The reference wafer rotation speed NO which is a basis in the above equation (1) is
N.sub.O =a.sub.6 N.sub.b F.sup.1/2/ C (2)
The wafer rotation speed setter 121 thus calculates the reference wafer rotation speed NO corresponding to the inputted detected pressing pressure F and detected buffing wheel rotation speed Nb from F, Nb and desired mirror-like polishing capacity C using equation (2), the calculated data being inputted to the rotation speed controller 122.
The rotation speed controller 122 calculates the difference ΔN, i.e., (NO -NW), between the desired reference wafer rotation speed NO and the detected wafer rotation speed NW inputted from the wafer rotation speed sensor 11, the calculated data being inputted to the wafer rotation speed calculator 123.
The wafer mirror-like polishing position sensor 14 may, for instance, use a photo-sensor.
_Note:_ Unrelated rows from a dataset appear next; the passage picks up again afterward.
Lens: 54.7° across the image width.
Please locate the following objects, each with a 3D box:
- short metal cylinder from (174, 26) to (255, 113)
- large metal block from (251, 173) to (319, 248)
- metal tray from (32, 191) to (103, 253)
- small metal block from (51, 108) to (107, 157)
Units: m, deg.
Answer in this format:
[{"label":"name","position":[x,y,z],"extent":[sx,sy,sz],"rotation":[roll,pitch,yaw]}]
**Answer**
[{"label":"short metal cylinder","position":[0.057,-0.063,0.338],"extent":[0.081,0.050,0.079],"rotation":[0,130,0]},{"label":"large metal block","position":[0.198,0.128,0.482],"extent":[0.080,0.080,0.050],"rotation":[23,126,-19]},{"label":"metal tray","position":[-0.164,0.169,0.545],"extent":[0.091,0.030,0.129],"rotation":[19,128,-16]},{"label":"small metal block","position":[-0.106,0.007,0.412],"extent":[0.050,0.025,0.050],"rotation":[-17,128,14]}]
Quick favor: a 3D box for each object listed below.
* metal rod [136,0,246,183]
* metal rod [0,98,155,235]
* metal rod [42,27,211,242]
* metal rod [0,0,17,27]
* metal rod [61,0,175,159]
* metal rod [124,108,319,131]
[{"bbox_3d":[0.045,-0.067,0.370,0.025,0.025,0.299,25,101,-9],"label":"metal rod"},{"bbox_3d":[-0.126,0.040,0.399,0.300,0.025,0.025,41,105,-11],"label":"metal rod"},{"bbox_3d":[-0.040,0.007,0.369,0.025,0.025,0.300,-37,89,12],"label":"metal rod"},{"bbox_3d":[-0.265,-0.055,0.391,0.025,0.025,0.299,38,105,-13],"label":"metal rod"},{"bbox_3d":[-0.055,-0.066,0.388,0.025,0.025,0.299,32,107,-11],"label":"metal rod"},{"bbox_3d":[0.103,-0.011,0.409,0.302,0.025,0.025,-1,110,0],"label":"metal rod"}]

When the intrinsic peripheral part W1 is passing by the photo-sensor, light from a light emitter 14a is blocked by the part W1 and does not reach a light receiver 14b. When the orientation flat part W2 is passing by the photo-sensor, on the other hand, light from the light emitter 14a reaches the light receiver 14b. The photo-sensor as the wafer mirror-like polishing position sensor 14 thus detects the orientation flat part W2 from light received by the light receiver 14b.
The corner W3 is detected as locality corresponding to the instant of switching from the state, in which light is blocked, over to the state, in which light is received.
The wafer position detection signal XW which is obtained during the mirror-like polishing of wafer in the above way, is inputted via the wafer mirror-like polishing position judging unit 125 to the wafer rotation speed calculator 123.
The wafer rotation speed calculator 123 takes out correction value data from the memory 123a according to SW1, SW2 or SW3 judgment signal, and calculates the wafer rotation speed NS according to the taken-out correction data using the equation (1)
N.sub.S =N.sub.O (1+SW).
When SW is, for instance, SW1 =0, SW2 =-0.3 and SW3 =+0.7, the wafer rotation speed NS is reduced to 0.7 NO when the wafer mirror-like polishing position detection signal represents the orientation flat part W2, when the signal represents the intrinsic peripheral part W1, the speed NS can be corrected to just NO and maximized to 1.7 NO for the corners W3.
The wafer rotation speed NS which is thus corrected is as shown in FIG. 4(A). This wafer rotation speed NS is set so that the stepping motor 20 is driven at this speed.
FIGS. 4(A) and 4(B) compare the response in wafer mirror-like polishing according to the invention and that in the prior art.
FIG. 4(B) shows an example of control of the pressing force between the buffing wheel and wafer in the prior art. In this case, a response delay is generated as shown by the broken plot. According to the invention, as shown in FIG. 4(A), owing to the above control of the wafer rotation speed NS, the response delay is hardly generated, and high response characteristic can be ensured.